Cost, Coverage and More Drive Hearing Aid Inequality
A national study finds major variations in hearing aid use by race, income and education — but VA insurance coverage levels the playing field.
Hearing loss seems like one of the great equalizers of old age, striking people of all kinds as their ears gradually lose the ability to pick out sounds or hear certain pitches.
But a new national study reveals major gaps in whether Americans over age 55 get help for their hearing loss — gaps that vary greatly by age, race, education and income.
In all, just over a third of older adults who say they have hearing loss are using a hearing aid to correct it, the study finds. But those who are non-Hispanic white, college educated or have incomes in the top 25 percent were about twice as likely as those of other races, education levels or income ranges to have a hearing aid.
The cost of hearing aids is most to blame, say the researchers from the University of Michigan who published the study in The Gerontologist. They presented it this week at the annual research meeting of the AcademyHealth professional society for health care researchers.
Hearing aids can cost thousands of dollars out of a patient’s pocket because most health insurance programs, including Medicare, don’t cover them.
In fact, the study finds that the only factor that leveled the playing field for hearing aid use was having insurance through the Department of Veterans Affairs, which covers hearing aids in many cases. Hearing-impaired veterans ages 55 to 64 were more than twice as likely as their nonveteran peers to use a hearing aid, even after the researchers corrected for other differences. The gap between veterans and nonveterans was also significant for those over 65.
But the detailed interviews conducted for the study also show that personal concerns about hearing aid use, and lack of engagement with health providers, play a role.
“However, there are a number of additional issues that place at-risk groups at an even larger disadvantage to achieving good hearing health. Many of these issues are beyond the financial aspects, including racial/ethnicity and sociocultural elements, for instance stigma and vanity.”

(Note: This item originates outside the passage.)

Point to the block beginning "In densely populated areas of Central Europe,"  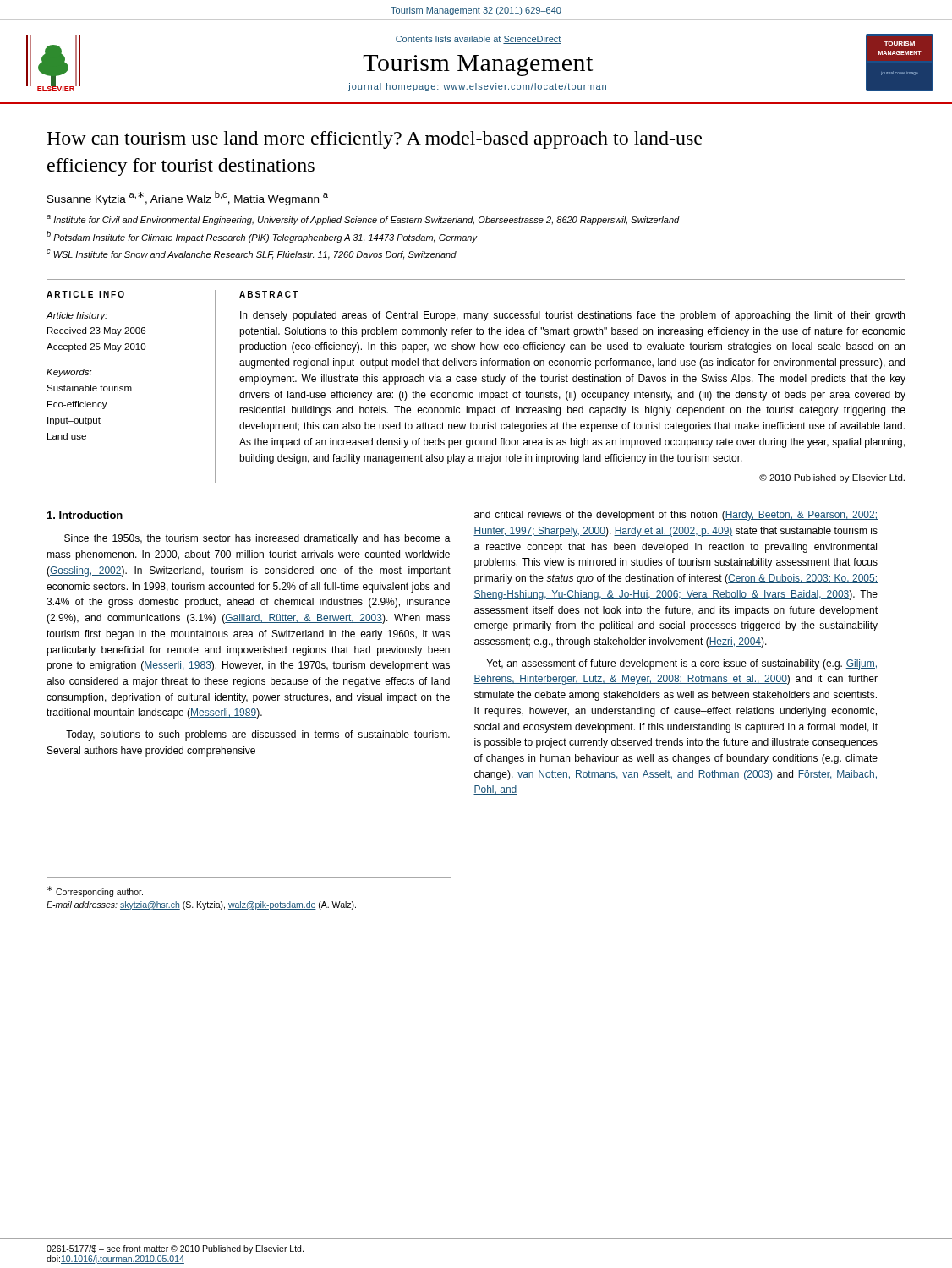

National survey and local interviews
McKee, who uses a cochlear implant to overcome his own hearing loss, worked on the study with Helen Levy, Ph.D., a health economist and professor at the U-M Institute for Social Research, and other colleagues. The authors are members of the U-M Institute for Healthcare Policy and Innovation.

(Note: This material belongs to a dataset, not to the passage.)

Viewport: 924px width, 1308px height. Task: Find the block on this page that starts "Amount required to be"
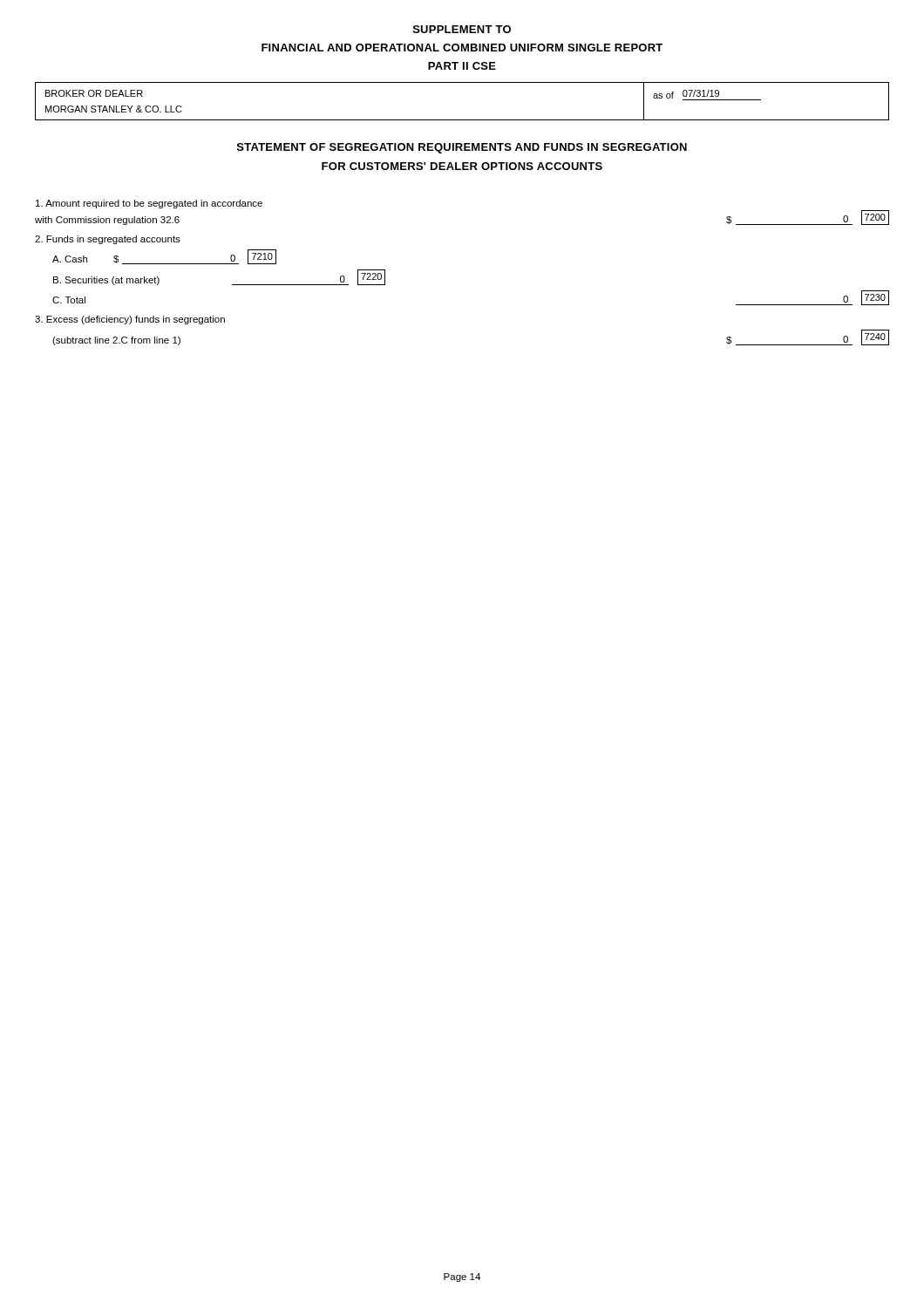coord(149,204)

They used survey data from the nationally representative Health and Retirement Study, which is based on interviews conducted by the Institute for Social Research with funding from the National Institutes of Health.

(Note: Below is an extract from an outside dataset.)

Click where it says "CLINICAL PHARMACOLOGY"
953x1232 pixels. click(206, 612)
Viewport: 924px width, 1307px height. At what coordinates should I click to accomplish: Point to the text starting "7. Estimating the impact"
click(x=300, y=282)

The analysis included data from more than 35,500 people nationwide over age 55 who said they had hearing loss. In addition, McKee and colleagues conducted in-depth interviews with 21 other older adults with hearing loss in the communities surrounding the university.
The authors conclude that the Centers for Medicare & Medicaid Services should consider covering hearing aids for Medicare participants and those in Medicaid plans for lower-income adults of any age. Some state Medicaid plans do cover hearing aids, but it is not required.
“Many people may not realize that Medicare does not cover hearing aids,” says Levy. “But it doesn't, so cost can be a significant obstacle preventing older adults with hearing loss from getting the help that they need.”
More findings from the study:
The percentage of older adults with hearing loss who used a hearing aid rose with age, from about 15 percent of those in their late 50s to more than 57 percent of those in their late 80s.
Forty percent of non-Hispanic white adults with hearing loss used a hearing aid, compared with 18.4 percent of non-Hispanic black and 21.1 percent of Hispanic adults with hearing loss.
Nearly 46 percent of hearing-impaired older adults who had gone to college reported that they used a hearing aid, compared with just under 29 percent of those who hadn’t graduated from high school.
Nearly half of those with incomes in the top 25 percent wore a hearing aid, compared with about one-quarter of those in the bottom 25 percent.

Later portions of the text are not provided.